PROMPT: Keeping every word in place, write out the entries that come next.

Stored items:
◆ ◆ ◆ ◆
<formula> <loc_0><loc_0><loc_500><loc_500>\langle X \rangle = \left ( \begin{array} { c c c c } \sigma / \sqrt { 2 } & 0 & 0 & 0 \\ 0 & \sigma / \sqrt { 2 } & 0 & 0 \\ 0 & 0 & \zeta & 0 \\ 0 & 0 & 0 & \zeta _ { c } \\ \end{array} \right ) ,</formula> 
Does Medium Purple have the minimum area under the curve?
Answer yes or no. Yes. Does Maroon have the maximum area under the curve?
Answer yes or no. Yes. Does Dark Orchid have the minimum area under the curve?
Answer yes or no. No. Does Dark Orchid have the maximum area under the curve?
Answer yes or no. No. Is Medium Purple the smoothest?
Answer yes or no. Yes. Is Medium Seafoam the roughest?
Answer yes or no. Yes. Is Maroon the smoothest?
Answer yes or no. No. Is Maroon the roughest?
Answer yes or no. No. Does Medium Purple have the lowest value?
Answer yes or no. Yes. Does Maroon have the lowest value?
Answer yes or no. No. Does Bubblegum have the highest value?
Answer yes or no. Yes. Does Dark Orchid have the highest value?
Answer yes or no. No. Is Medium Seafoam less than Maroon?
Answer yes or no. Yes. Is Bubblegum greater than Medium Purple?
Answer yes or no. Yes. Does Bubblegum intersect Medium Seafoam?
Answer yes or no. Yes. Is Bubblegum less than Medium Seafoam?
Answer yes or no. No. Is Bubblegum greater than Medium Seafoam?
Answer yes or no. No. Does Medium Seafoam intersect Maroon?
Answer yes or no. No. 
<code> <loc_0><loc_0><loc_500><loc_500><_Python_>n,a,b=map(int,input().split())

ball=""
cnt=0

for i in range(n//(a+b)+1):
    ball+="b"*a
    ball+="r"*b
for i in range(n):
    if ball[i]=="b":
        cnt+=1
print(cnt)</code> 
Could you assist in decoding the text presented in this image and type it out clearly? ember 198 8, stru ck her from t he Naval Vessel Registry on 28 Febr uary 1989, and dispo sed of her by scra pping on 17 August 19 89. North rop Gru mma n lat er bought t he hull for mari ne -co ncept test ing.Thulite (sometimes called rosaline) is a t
◆ ◆ ◆ ◆
EXPECTED ANSWER:
<formula> <loc_0><loc_0><loc_500><loc_500>\langle X \rangle = \left ( \begin{array} { c c c c } \sigma / \sqrt { 2 } & 0 & 0 & 0 \\ 0 & \sigma / \sqrt { 2 } & 0 & 0 \\ 0 & 0 & \zeta & 0 \\ 0 & 0 & 0 & \zeta _ { c } \\ \end{array} \right ) ,</formula> 
Does Medium Purple have the minimum area under the curve?
Answer yes or no. Yes. Does Maroon have the maximum area under the curve?
Answer yes or no. Yes. Does Dark Orchid have the minimum area under the curve?
Answer yes or no. No. Does Dark Orchid have the maximum area under the curve?
Answer yes or no. No. Is Medium Purple the smoothest?
Answer yes or no. Yes. Is Medium Seafoam the roughest?
Answer yes or no. Yes. Is Maroon the smoothest?
Answer yes or no. No. Is Maroon the roughest?
Answer yes or no. No. Does Medium Purple have the lowest value?
Answer yes or no. Yes. Does Maroon have the lowest value?
Answer yes or no. No. Does Bubblegum have the highest value?
Answer yes or no. Yes. Does Dark Orchid have the highest value?
Answer yes or no. No. Is Medium Seafoam less than Maroon?
Answer yes or no. Yes. Is Bubblegum greater than Medium Purple?
Answer yes or no. Yes. Does Bubblegum intersect Medium Seafoam?
Answer yes or no. Yes. Is Bubblegum less than Medium Seafoam?
Answer yes or no. No. Is Bubblegum greater than Medium Seafoam?
Answer yes or no. No. Does Medium Seafoam intersect Maroon?
Answer yes or no. No. 
<code> <loc_0><loc_0><loc_500><loc_500><_Python_>n,a,b=map(int,input().split())

ball=""
cnt=0

for i in range(n//(a+b)+1):
    ball+="b"*a
    ball+="r"*b
for i in range(n):
    if ball[i]=="b":
        cnt+=1
print(cnt)</code> 
Could you assist in decoding the text presented in this image and type it out clearly? ember 198 8, stru ck her from t he Naval Vessel Registry on 28 Febr uary 1989, and dispo sed of her by scra pping on 17 August 19 89. North rop Gru mma n lat er bought t he hull for mari ne -co ncept test ing.Thulite (sometimes called rosaline) is a t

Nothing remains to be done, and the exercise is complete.